Leave the pictures out while you restate every entry below word for word.

*** Information shown Section Begins ***

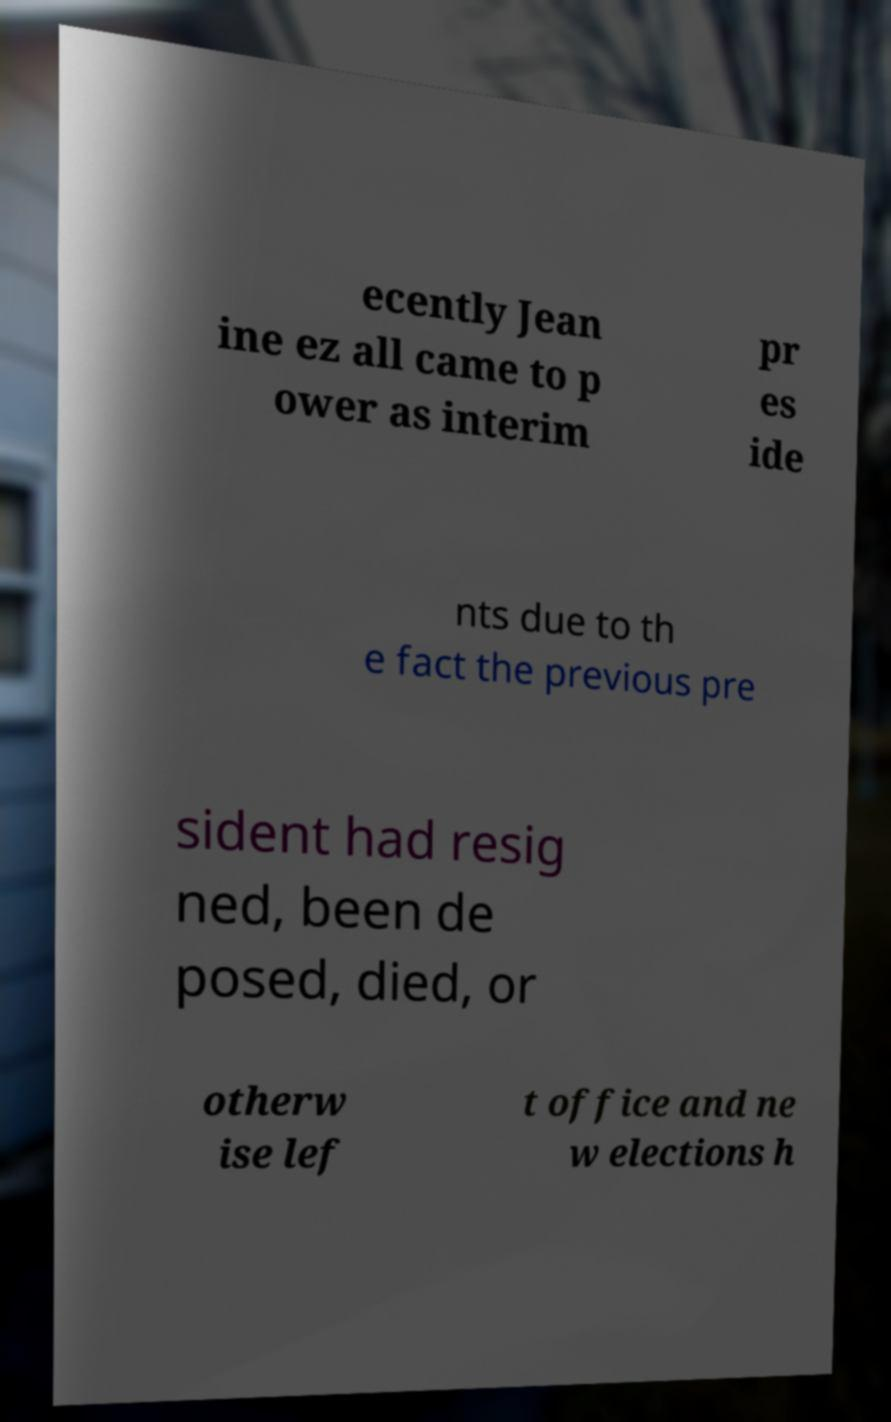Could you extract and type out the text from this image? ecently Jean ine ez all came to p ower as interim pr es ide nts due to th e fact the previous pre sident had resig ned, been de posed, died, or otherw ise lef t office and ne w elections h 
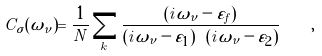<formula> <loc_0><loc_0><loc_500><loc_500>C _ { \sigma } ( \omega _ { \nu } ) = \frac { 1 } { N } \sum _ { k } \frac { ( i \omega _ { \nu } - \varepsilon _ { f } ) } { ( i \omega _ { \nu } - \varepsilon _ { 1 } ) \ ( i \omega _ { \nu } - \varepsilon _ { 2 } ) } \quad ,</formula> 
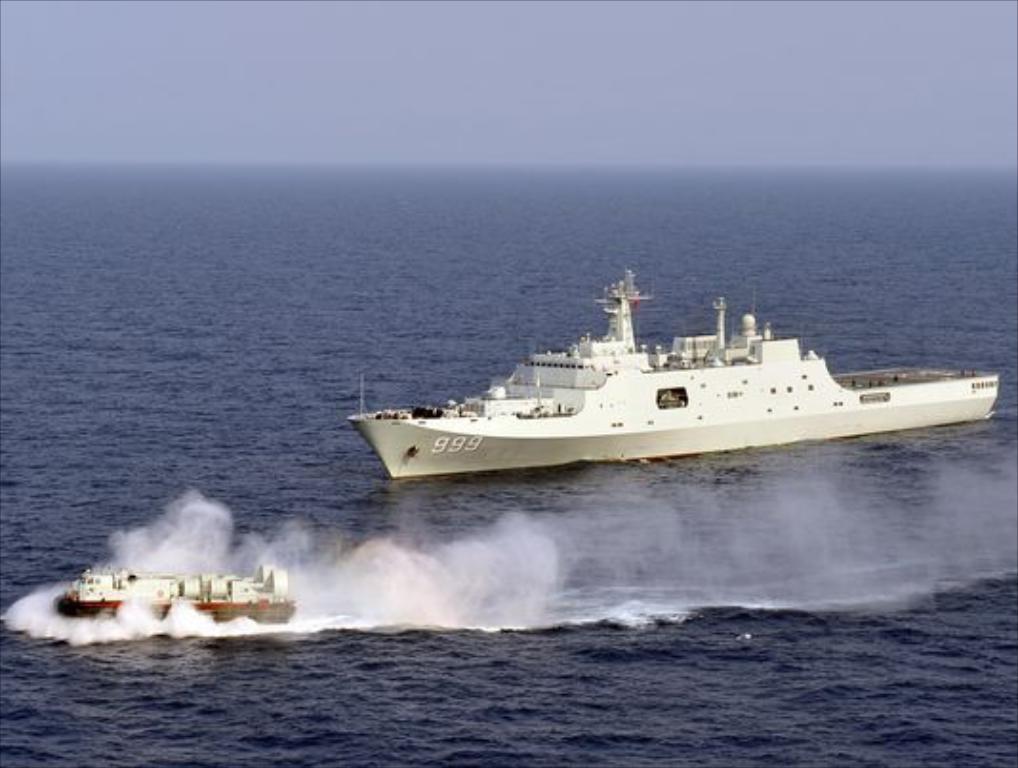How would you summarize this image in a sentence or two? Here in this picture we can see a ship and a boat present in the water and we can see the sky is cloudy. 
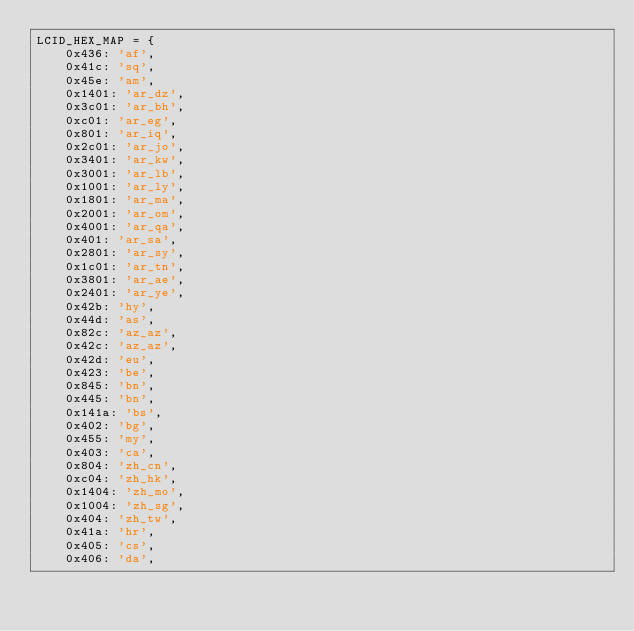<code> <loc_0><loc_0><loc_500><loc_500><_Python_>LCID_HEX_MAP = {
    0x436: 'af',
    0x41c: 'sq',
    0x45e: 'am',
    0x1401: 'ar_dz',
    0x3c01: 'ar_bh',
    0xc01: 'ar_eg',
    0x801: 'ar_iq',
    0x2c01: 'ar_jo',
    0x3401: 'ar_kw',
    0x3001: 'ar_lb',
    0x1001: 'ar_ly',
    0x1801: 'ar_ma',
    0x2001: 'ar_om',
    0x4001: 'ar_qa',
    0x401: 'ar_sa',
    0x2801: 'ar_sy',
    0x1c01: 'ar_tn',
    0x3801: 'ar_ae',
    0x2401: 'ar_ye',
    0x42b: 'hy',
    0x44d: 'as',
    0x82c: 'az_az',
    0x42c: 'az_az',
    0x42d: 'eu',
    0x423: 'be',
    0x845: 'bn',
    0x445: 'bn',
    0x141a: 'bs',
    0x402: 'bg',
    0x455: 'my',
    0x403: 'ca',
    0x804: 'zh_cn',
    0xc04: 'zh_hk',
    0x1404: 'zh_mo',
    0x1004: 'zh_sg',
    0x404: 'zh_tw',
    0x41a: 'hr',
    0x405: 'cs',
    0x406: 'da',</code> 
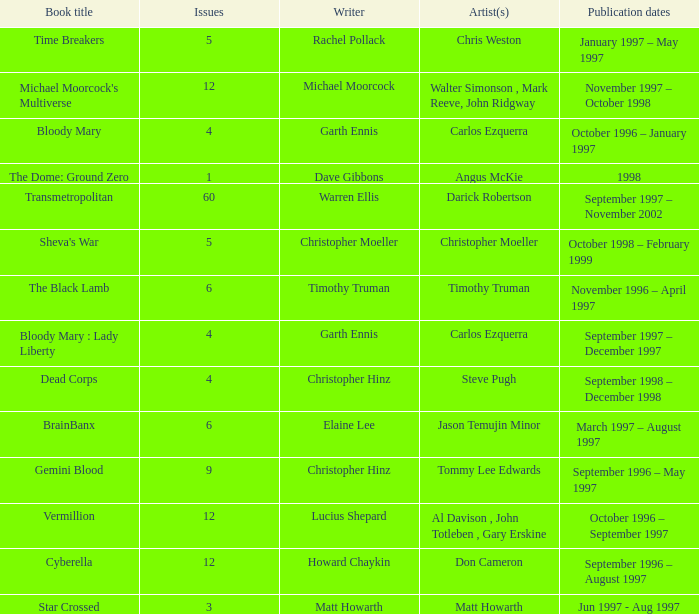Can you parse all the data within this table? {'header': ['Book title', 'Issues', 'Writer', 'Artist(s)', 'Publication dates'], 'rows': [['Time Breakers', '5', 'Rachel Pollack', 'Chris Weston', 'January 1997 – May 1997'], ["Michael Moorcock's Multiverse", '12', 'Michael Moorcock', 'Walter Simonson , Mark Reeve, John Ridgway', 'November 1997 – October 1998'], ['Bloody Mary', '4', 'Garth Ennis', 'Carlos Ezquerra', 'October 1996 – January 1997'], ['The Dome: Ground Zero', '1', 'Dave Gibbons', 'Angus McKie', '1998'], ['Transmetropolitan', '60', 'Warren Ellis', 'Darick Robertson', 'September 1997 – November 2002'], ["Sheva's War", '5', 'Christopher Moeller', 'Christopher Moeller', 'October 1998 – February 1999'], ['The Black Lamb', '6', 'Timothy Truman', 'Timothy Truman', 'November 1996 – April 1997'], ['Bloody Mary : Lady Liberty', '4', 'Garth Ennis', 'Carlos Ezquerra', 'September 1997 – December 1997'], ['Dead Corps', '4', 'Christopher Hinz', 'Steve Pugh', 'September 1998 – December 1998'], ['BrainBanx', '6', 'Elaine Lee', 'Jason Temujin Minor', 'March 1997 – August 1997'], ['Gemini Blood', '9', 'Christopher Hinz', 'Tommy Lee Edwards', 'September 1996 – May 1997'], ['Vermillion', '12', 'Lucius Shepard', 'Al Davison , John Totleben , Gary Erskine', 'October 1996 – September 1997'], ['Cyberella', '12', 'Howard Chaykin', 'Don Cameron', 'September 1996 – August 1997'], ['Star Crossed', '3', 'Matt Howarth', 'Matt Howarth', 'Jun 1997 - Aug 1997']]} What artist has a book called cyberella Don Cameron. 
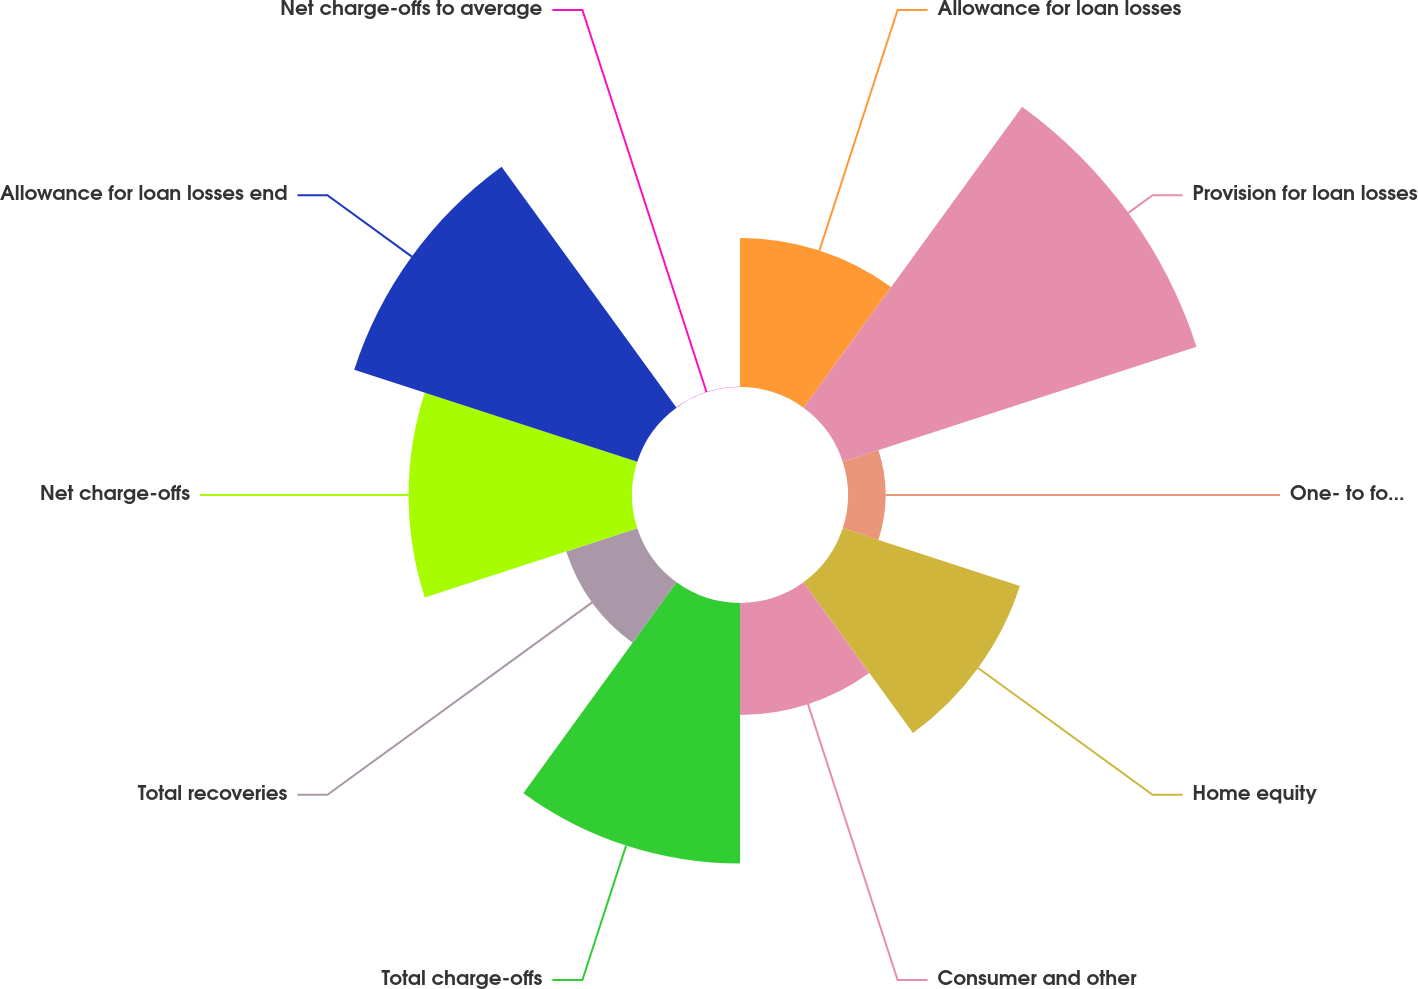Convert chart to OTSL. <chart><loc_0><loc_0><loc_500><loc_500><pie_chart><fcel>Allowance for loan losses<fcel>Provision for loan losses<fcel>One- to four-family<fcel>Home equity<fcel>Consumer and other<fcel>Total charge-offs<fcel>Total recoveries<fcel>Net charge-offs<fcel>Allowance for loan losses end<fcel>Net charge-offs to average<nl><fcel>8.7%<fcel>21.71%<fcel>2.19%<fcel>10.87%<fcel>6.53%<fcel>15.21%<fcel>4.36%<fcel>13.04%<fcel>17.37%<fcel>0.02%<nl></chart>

*** Information shown Section Ends ***

Output for this task:
Could you extract and type out the text from this image? ecently Jean ine ez all came to p ower as interim pr es ide nts due to th e fact the previous pre sident had resig ned, been de posed, died, or otherw ise lef t office and ne w elections h 
<formula> <loc_0><loc_0><loc_500><loc_500>C _ { \sigma } ( \omega _ { \nu } ) = \frac { 1 } { N } \sum _ { k } \frac { ( i \omega _ { \nu } - \varepsilon _ { f } ) } { ( i \omega _ { \nu } - \varepsilon _ { 1 } ) \ ( i \omega _ { \nu } - \varepsilon _ { 2 } ) } \quad ,</formula> 
How would you summarize this image in a sentence or two? Here in this picture we can see a ship and a boat present in the water and we can see the sky is cloudy. 
<code> <loc_0><loc_0><loc_500><loc_500><_Python_>LCID_HEX_MAP = {
    0x436: 'af',
    0x41c: 'sq',
    0x45e: 'am',
    0x1401: 'ar_dz',
    0x3c01: 'ar_bh',
    0xc01: 'ar_eg',
    0x801: 'ar_iq',
    0x2c01: 'ar_jo',
    0x3401: 'ar_kw',
    0x3001: 'ar_lb',
    0x1001: 'ar_ly',
    0x1801: 'ar_ma',
    0x2001: 'ar_om',
    0x4001: 'ar_qa',
    0x401: 'ar_sa',
    0x2801: 'ar_sy',
    0x1c01: 'ar_tn',
    0x3801: 'ar_ae',
    0x2401: 'ar_ye',
    0x42b: 'hy',
    0x44d: 'as',
    0x82c: 'az_az',
    0x42c: 'az_az',
    0x42d: 'eu',
    0x423: 'be',
    0x845: 'bn',
    0x445: 'bn',
    0x141a: 'bs',
    0x402: 'bg',
    0x455: 'my',
    0x403: 'ca',
    0x804: 'zh_cn',
    0xc04: 'zh_hk',
    0x1404: 'zh_mo',
    0x1004: 'zh_sg',
    0x404: 'zh_tw',
    0x41a: 'hr',
    0x405: 'cs',
    0x406: 'da',</code> 
Can you parse all the data within this table? {'header': ['Book title', 'Issues', 'Writer', 'Artist(s)', 'Publication dates'], 'rows': [['Time Breakers', '5', 'Rachel Pollack', 'Chris Weston', 'January 1997 – May 1997'], ["Michael Moorcock's Multiverse", '12', 'Michael Moorcock', 'Walter Simonson , Mark Reeve, John Ridgway', 'November 1997 – October 1998'], ['Bloody Mary', '4', 'Garth Ennis', 'Carlos Ezquerra', 'October 1996 – January 1997'], ['The Dome: Ground Zero', '1', 'Dave Gibbons', 'Angus McKie', '1998'], ['Transmetropolitan', '60', 'Warren Ellis', 'Darick Robertson', 'September 1997 – November 2002'], ["Sheva's War", '5', 'Christopher Moeller', 'Christopher Moeller', 'October 1998 – February 1999'], ['The Black Lamb', '6', 'Timothy Truman', 'Timothy Truman', 'November 1996 – April 1997'], ['Bloody Mary : Lady Liberty', '4', 'Garth Ennis', 'Carlos Ezquerra', 'September 1997 – December 1997'], ['Dead Corps', '4', 'Christopher Hinz', 'Steve Pugh', 'September 1998 – December 1998'], ['BrainBanx', '6', 'Elaine Lee', 'Jason Temujin Minor', 'March 1997 – August 1997'], ['Gemini Blood', '9', 'Christopher Hinz', 'Tommy Lee Edwards', 'September 1996 – May 1997'], ['Vermillion', '12', 'Lucius Shepard', 'Al Davison , John Totleben , Gary Erskine', 'October 1996 – September 1997'], ['Cyberella', '12', 'Howard Chaykin', 'Don Cameron', 'September 1996 – August 1997'], ['Star Crossed', '3', 'Matt Howarth', 'Matt Howarth', 'Jun 1997 - Aug 1997']]} What artist has a book called cyberella Don Cameron. 
Convert chart to OTSL. <chart><loc_0><loc_0><loc_500><loc_500><pie_chart><fcel>Allowance for loan losses<fcel>Provision for loan losses<fcel>One- to four-family<fcel>Home equity<fcel>Consumer and other<fcel>Total charge-offs<fcel>Total recoveries<fcel>Net charge-offs<fcel>Allowance for loan losses end<fcel>Net charge-offs to average<nl><fcel>8.7%<fcel>21.71%<fcel>2.19%<fcel>10.87%<fcel>6.53%<fcel>15.21%<fcel>4.36%<fcel>13.04%<fcel>17.37%<fcel>0.02%<nl></chart>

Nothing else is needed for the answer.